## Monte-Carlo Methods for Prediction Functions

I wrote a package Monte Carlo Methods for Prediction functions (mmpf) which does what the name suggests.

Usually we have a prediction function $\hat{f}$ which is a function of our training data ${\mathbf{y}, \mathbf{X}}$. In the most general case, $\hat{f}$ may depend on $\mathbf{X}$ in an arbitrary manner. So plotting $\hat{f}$ when $\mathbf{X}$ has greater than 2-3 column dimensions is impossible.

A solution to this problem is to marginalize $\hat{f}(\mathbf{X})$, so that it only depends on a few dimensions of $\mathbf{X}$.

With a full probability model for the joint distribution of $(X, Y)$, it would possible to marginalize $\hat{f}$ by either integrating these variables out or summing over them. In many cases it is desirable to avoid assuming a full probability model. In these cases this procedure doesn't work because we have no (assumed) joint distribution for $(X, Y)$.
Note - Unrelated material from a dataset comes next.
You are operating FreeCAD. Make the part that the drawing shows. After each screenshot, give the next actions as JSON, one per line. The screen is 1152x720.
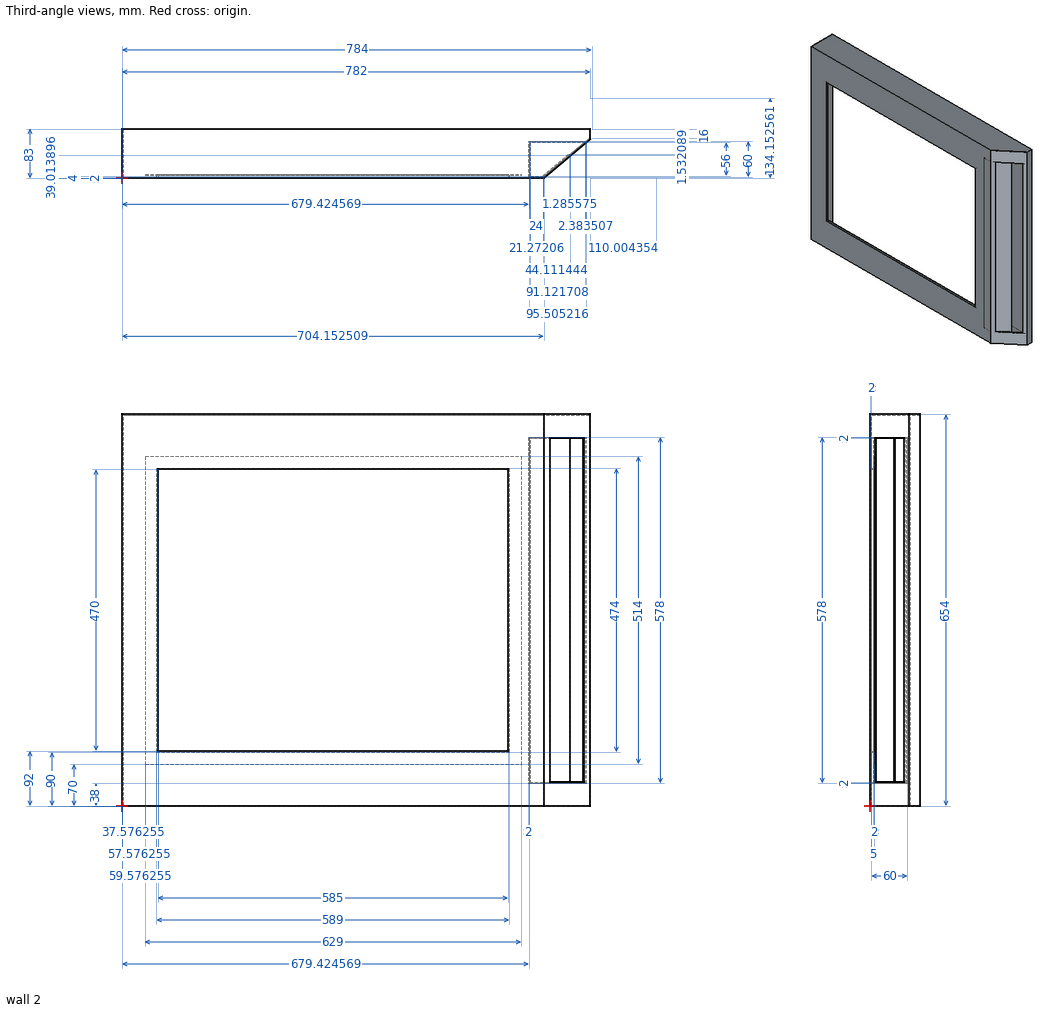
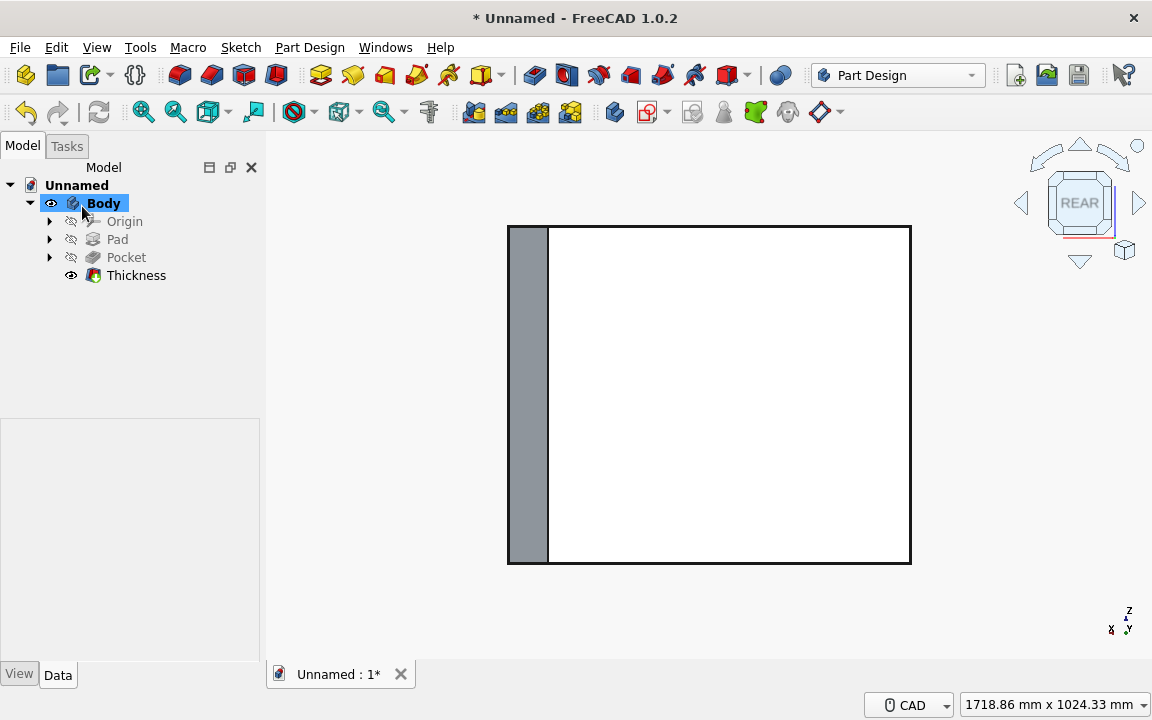
{"action": "key", "text": "0"}

Monte-Carlo integration can allow us to marginalize $\hat{f}$ nonetheless. The most basic way of doing this requires us to first treat $\mathbf{X}$ as having a uniform measure, that is, each value of $\mathbf{X}$ we observe is equally likely, which forms a discrete uniform distribution on $\mathbf{X}$. Since we want to marginalize $\hat{f}$ so that it only depends on a column-wise proper subset of $\mathbf{X}$, say $\mathbf{X}_{u}$, we also need to assume that $\mathbf{X}$ comes from a product distribution, that is, that the probability of $\mathbf{X}_{u}$ and $\mathbf{X}_{-u}$ are independent. These two assumptions allow us to perform a Monte-Carlo integration.

Say we have two independent uniform variables, $X_1$ and $X_2$, which we sample from to get $\mathbf{x}_1$ and $\mathbf{x}_2$. These variables are related to some other random variable $Y$, which we observe as $\mathbf{y}$. We could learn a function $\hat{f}$ which estimates the mapping between $(X_1, X_2)$ and $Y$ using their sample analogues, giving us $\hat{f}$. In this case because $X_1$ is independent of $X_2$, computing $\frac{1}{N} \sum_{i = 1}^N \hat{f} (\mathbf{x}_1, \mathbf{x}_2^{(i)})$ will give the expected prediction of $\hat{f}$ as a function of $X_1$.
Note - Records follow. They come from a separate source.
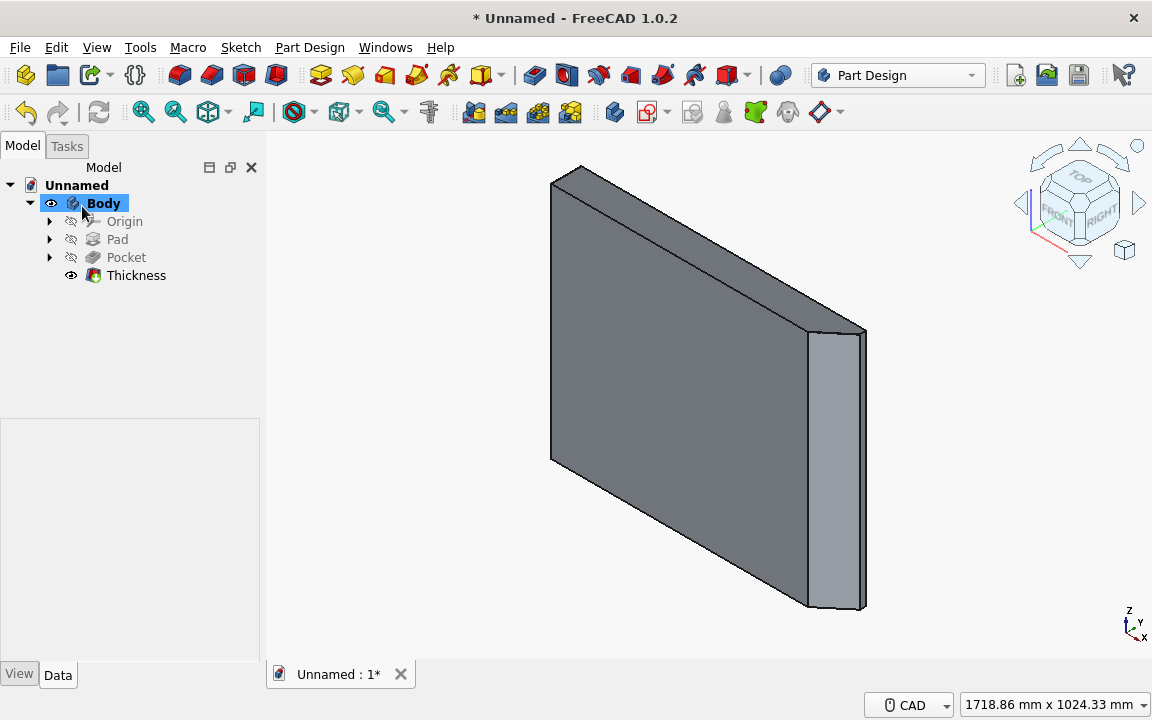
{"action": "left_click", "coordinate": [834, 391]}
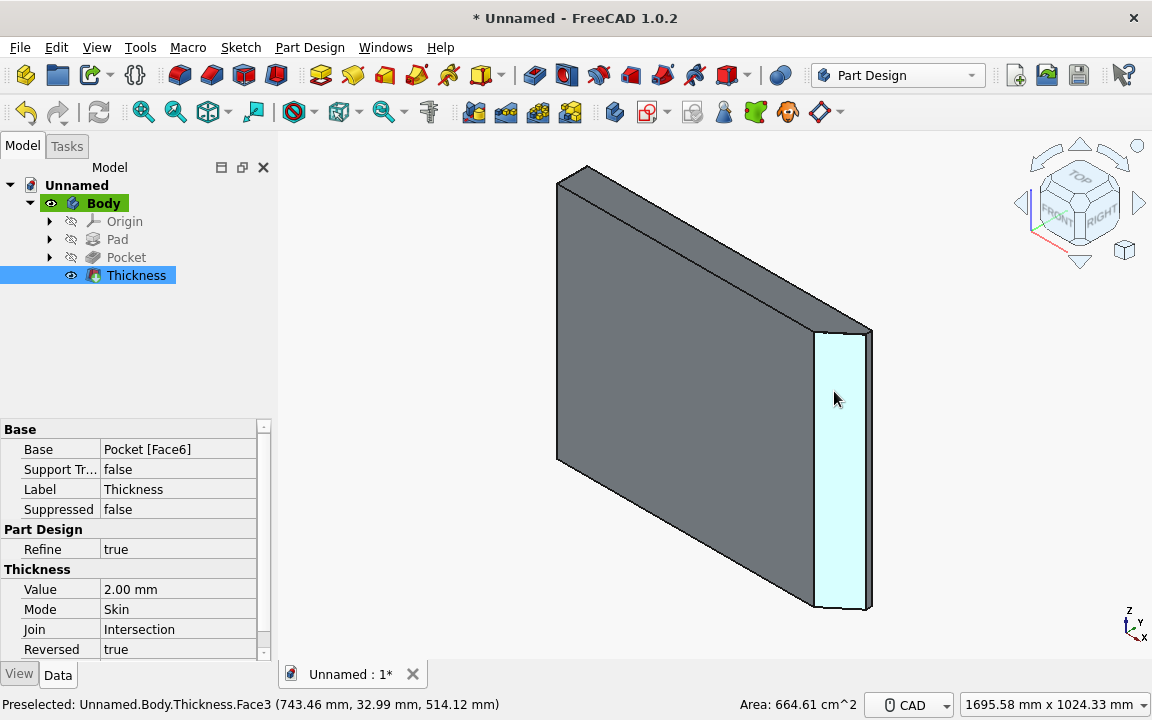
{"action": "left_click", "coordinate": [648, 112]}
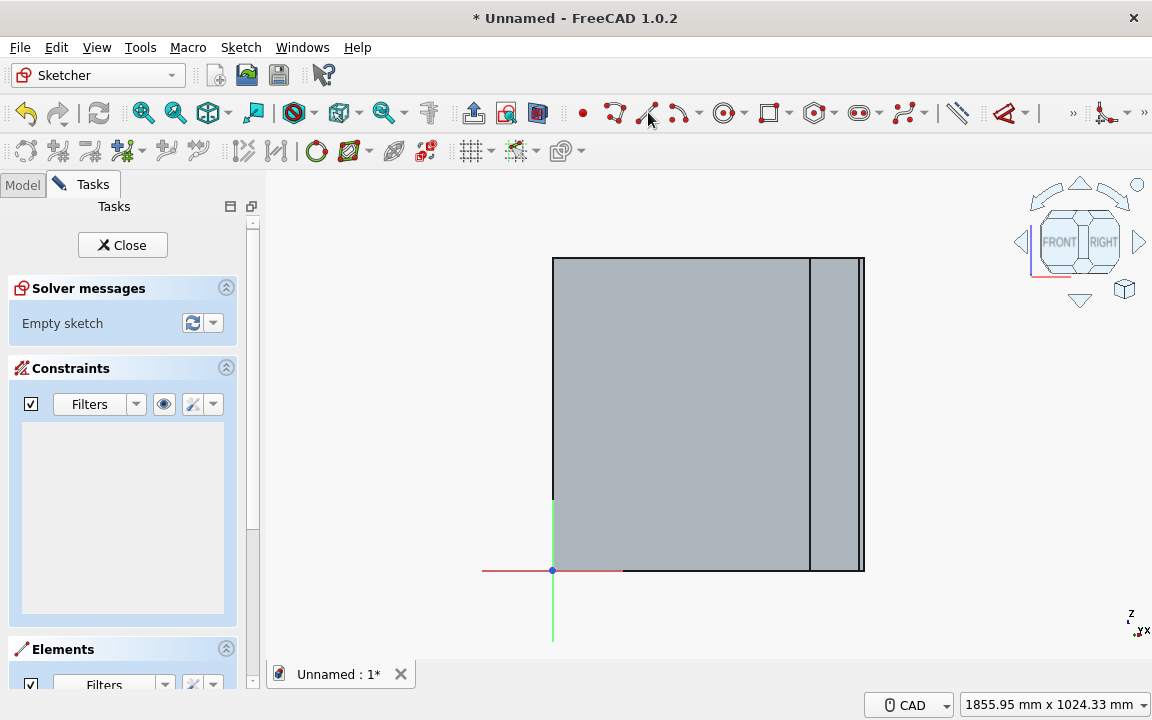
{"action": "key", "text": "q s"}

Prediction functions estimated from data via nonparametric methods frequently too high dimensional to be directly interpretable. That is, they are not generally factorizable into components which themselves depend on less than two variables. However, they can be made more interpretable by using Monte-Carlo integration to marginalize these functions. Many functions of these marginals are commonly used: partial dependence, average marginal effects, and individual conditional expectations, to name a few.

I have written a package mmpf (Monte-Carlo Marginalization of Prediction Functions) which peforms this operation in a general and efficient manner. This functionality is now used in both mlr and edarf. This package performs Monte-Carlo integration over some variables that the prediction function depends on, and evaluates the marginalized function at points on a uniform or random grid on the other variables.
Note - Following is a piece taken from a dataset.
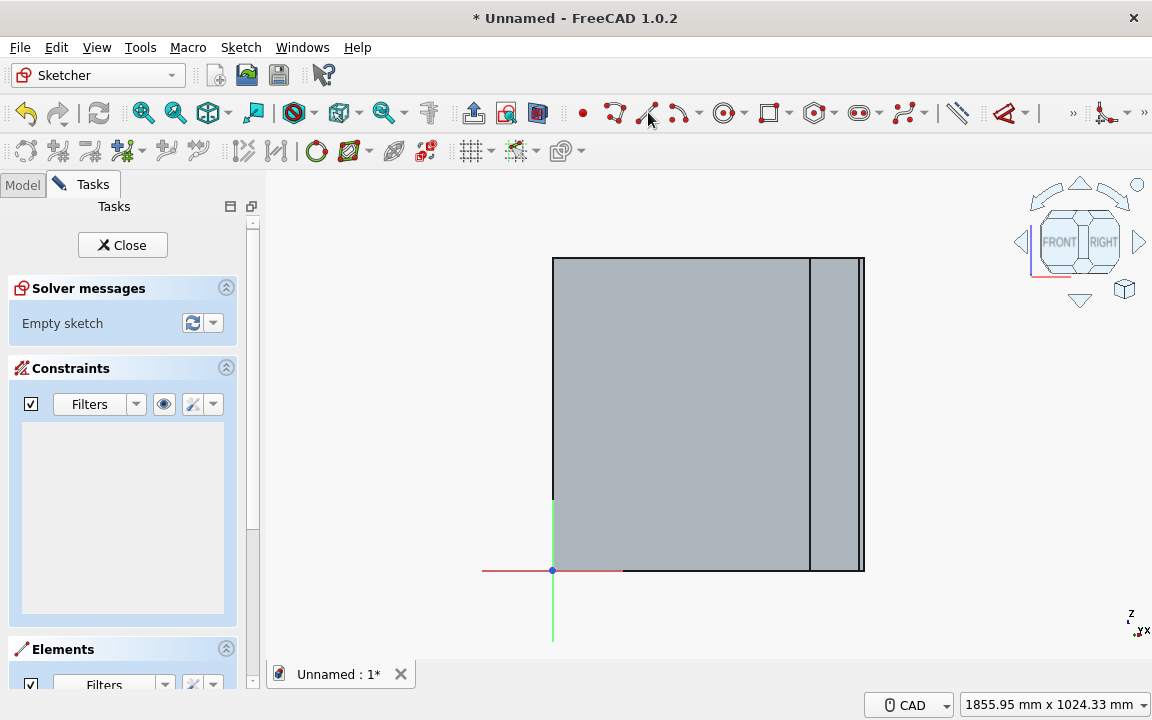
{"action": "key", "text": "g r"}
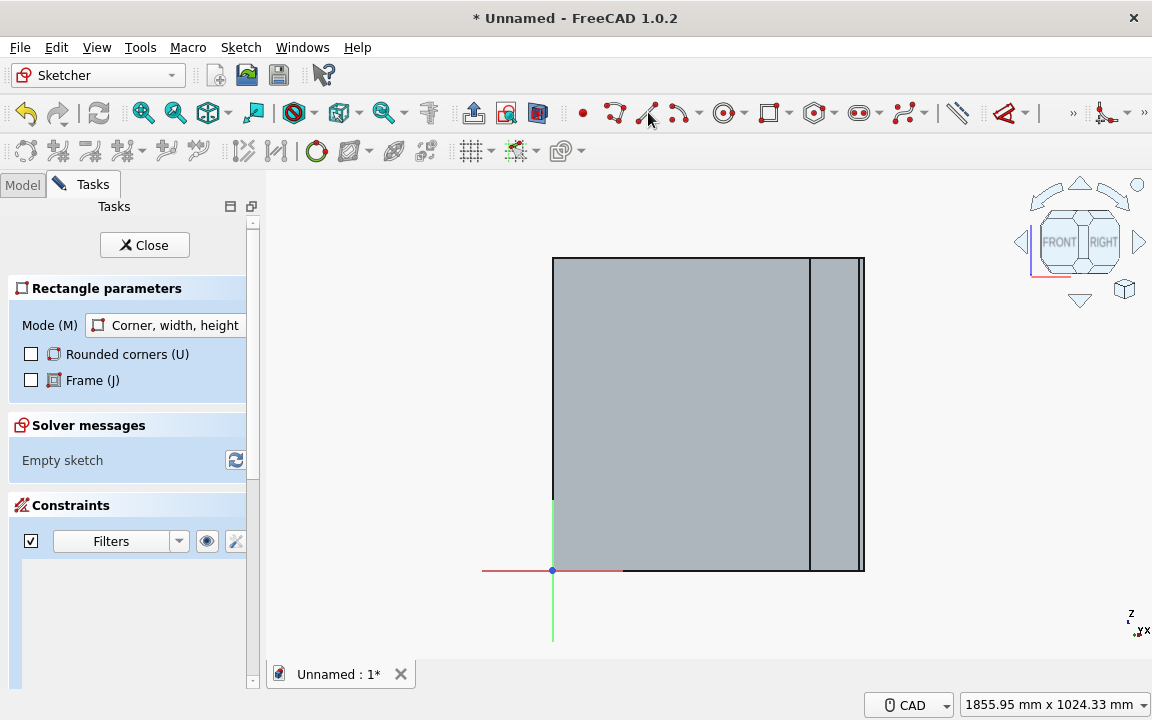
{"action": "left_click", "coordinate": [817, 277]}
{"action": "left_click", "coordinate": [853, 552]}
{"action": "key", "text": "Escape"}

The mmph package has functions to create these uniform or random grids which are exposed to the user (makeGrid, variableGrid (a method), and cartesianExpand). The function which computes marginalized predictions is marginalPrediction. This function takes an object with an associated prediction function (by default the predict method for that object's class), arguments which control the resolution of the integration and the evaluation grid, the type of evaluation grid, which variables to integrate out, and what function of the marginalized function to evaluate.

The output from marginalPrediction is a list with the marginalized predictions on the grid, and the grid of evaluation points. The function can handle vector-valued prediction functions like multivariate regression and classification, multilabel classification, and multi-class classification, as well as regression.